### Records for the task

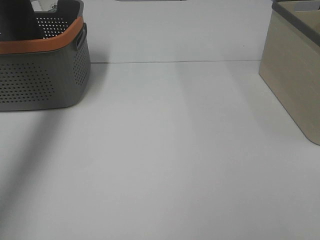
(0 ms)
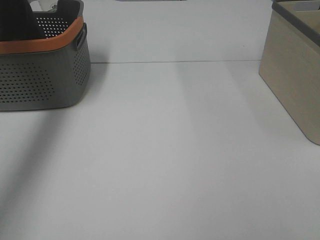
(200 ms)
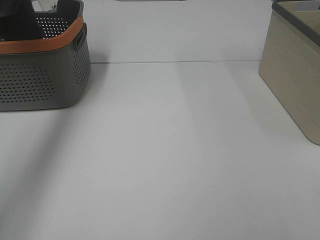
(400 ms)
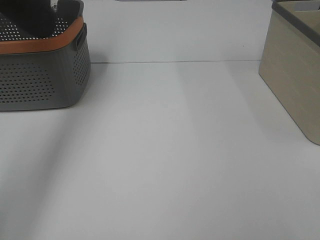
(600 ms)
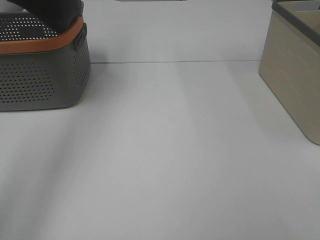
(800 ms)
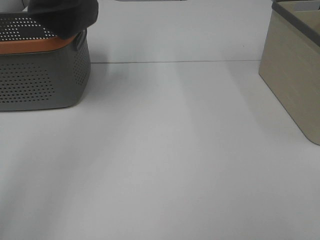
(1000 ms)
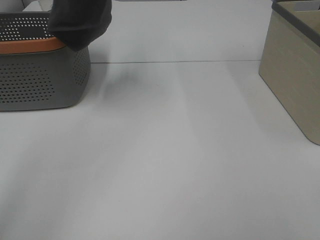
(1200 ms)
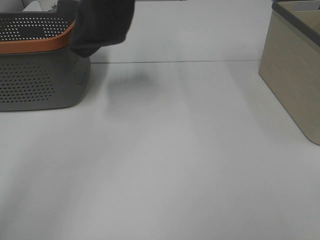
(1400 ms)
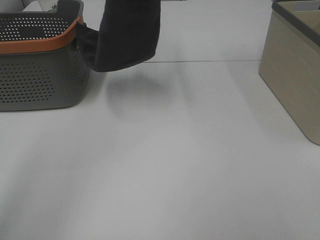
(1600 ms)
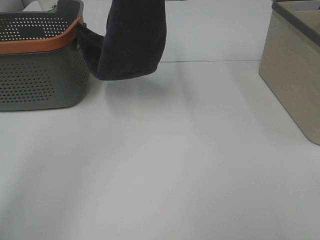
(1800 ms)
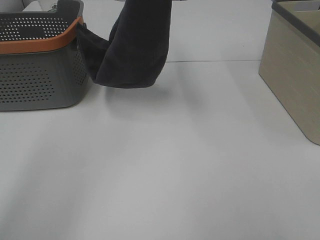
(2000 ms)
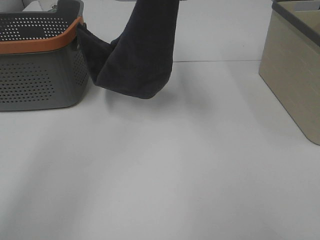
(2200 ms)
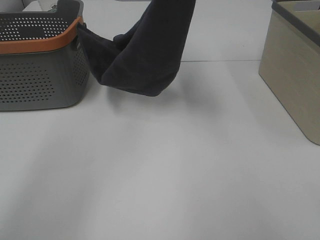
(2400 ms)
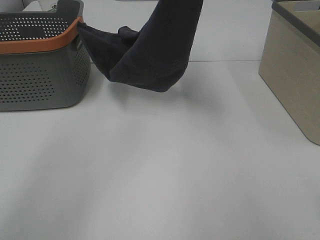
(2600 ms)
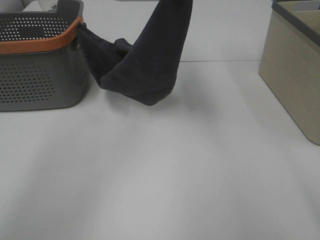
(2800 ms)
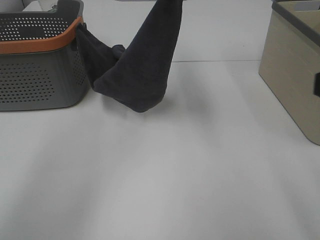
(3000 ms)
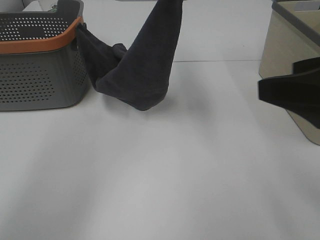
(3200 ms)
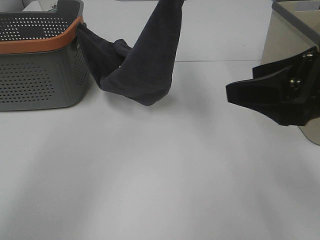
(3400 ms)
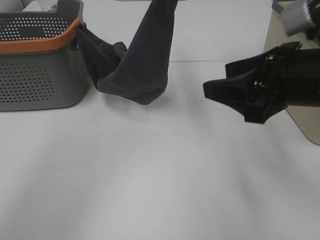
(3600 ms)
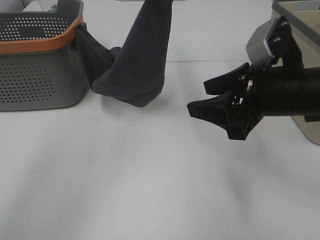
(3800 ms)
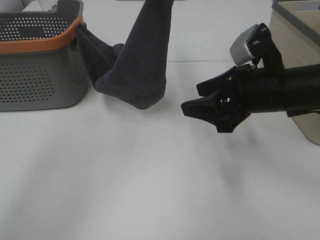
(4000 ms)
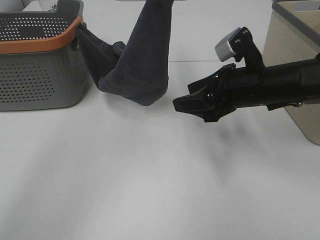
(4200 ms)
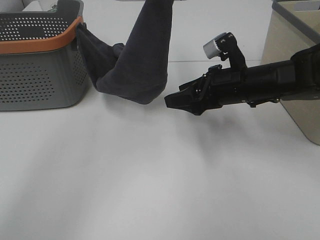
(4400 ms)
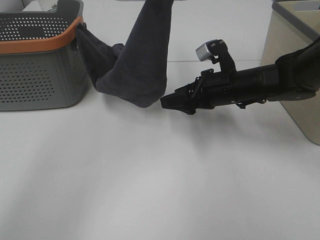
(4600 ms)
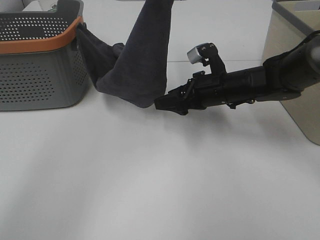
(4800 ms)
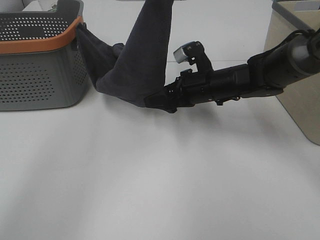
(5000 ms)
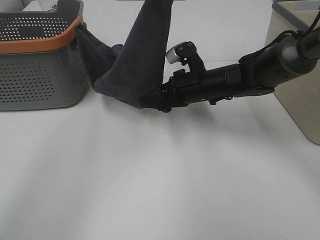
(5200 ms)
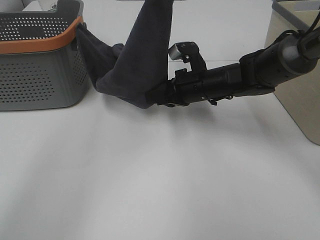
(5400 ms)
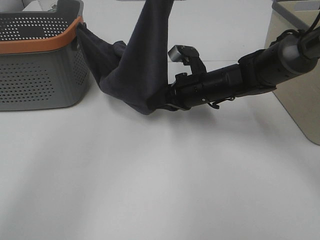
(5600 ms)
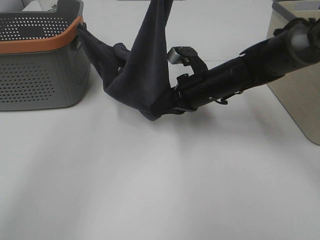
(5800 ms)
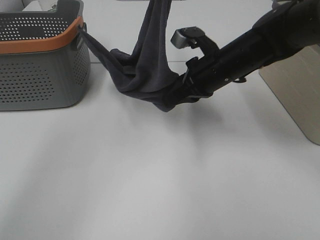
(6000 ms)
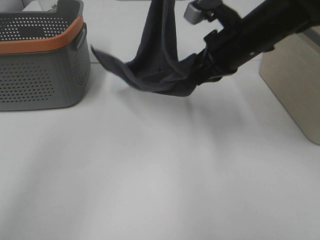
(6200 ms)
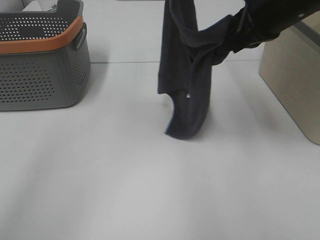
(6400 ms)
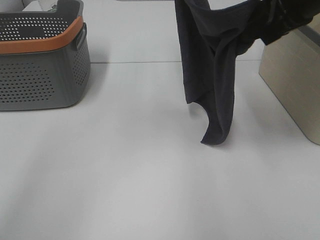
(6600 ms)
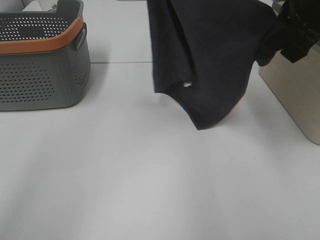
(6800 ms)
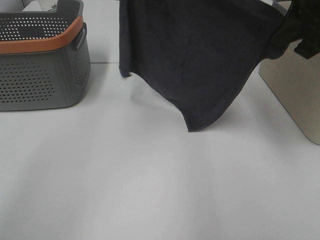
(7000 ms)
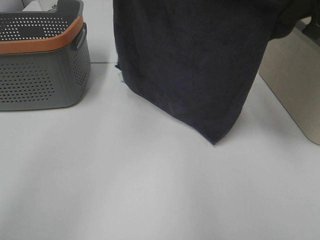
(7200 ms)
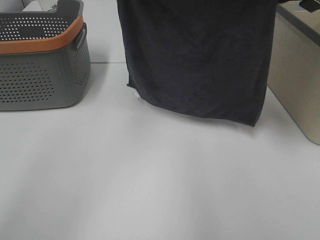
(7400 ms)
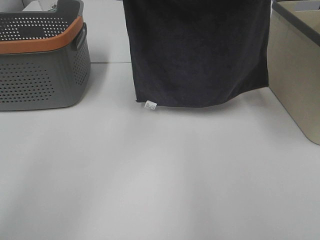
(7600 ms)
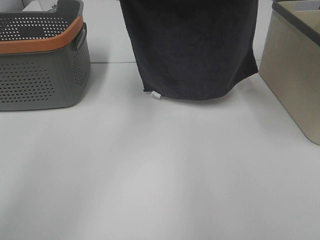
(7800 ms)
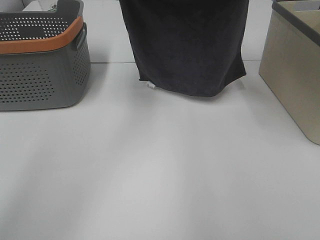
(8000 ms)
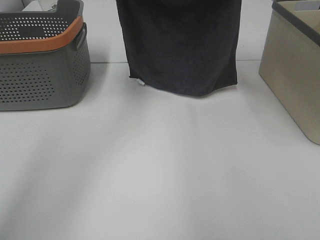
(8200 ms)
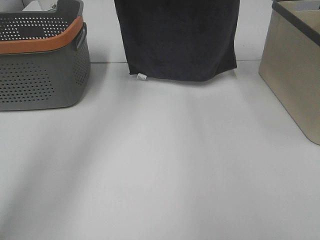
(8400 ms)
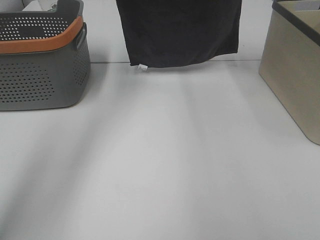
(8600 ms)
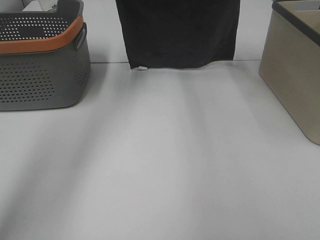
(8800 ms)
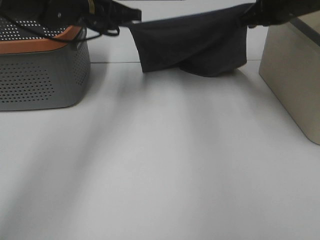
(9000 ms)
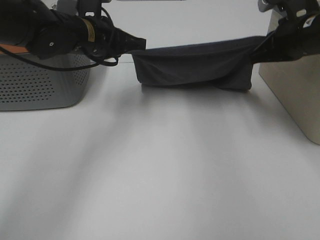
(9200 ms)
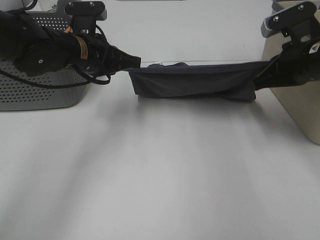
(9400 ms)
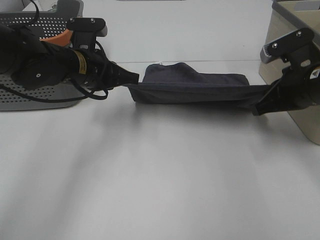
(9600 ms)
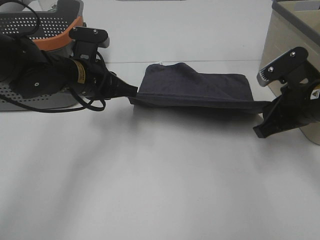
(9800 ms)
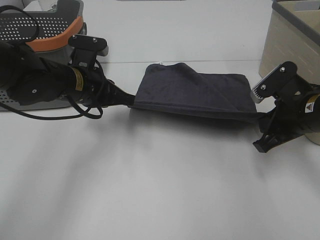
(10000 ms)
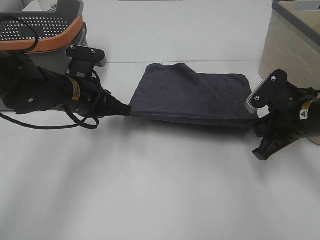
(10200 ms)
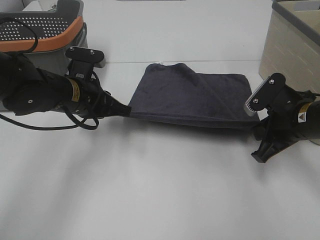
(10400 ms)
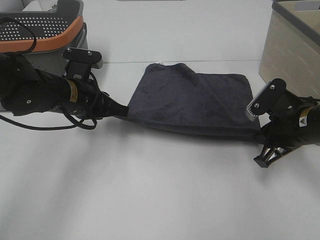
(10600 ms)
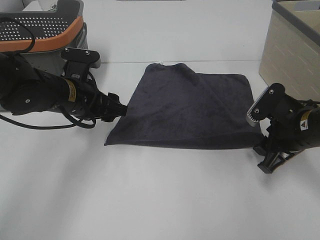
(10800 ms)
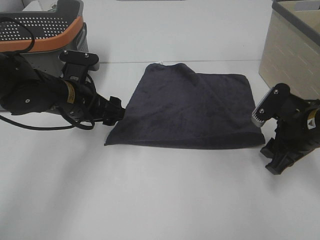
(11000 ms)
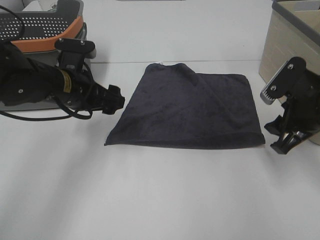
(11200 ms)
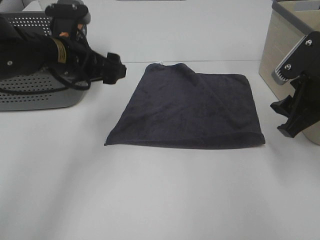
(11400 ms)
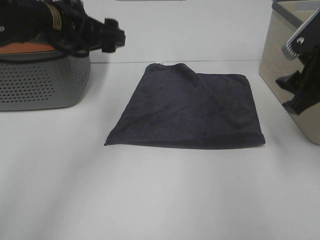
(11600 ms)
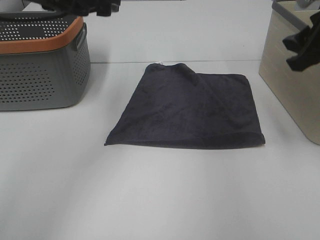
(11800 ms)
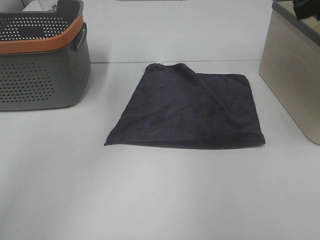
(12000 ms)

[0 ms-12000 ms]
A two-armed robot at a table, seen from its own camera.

######

_Instructions for the task_.
Output the whole listing again, exactly, without its pictures.

_Answer section_.
(0 ms)
(200 ms)
(400 ms)
(600 ms)
(800 ms)
(1000 ms)
(1200 ms)
(1400 ms)
(1600 ms)
(1800 ms)
(2000 ms)
(2200 ms)
(2400 ms)
(2600 ms)
(2800 ms)
(3000 ms)
(3200 ms)
(3400 ms)
(3600 ms)
(3800 ms)
(4000 ms)
(4200 ms)
(4400 ms)
(4600 ms)
(4800 ms)
(5000 ms)
(5200 ms)
(5400 ms)
(5600 ms)
(5800 ms)
(6000 ms)
(6200 ms)
(6400 ms)
(6600 ms)
(6800 ms)
(7000 ms)
(7200 ms)
(7400 ms)
(7600 ms)
(7800 ms)
(8000 ms)
(8200 ms)
(8400 ms)
(8600 ms)
(8800 ms)
(9000 ms)
(9200 ms)
(9400 ms)
(9600 ms)
(9800 ms)
(10000 ms)
(10200 ms)
(10400 ms)
(10600 ms)
(10800 ms)
(11000 ms)
(11200 ms)
(11400 ms)
(11600 ms)
(11800 ms)
(12000 ms)

[0 ms-12000 ms]
A two-armed robot at a table, seen from its own camera.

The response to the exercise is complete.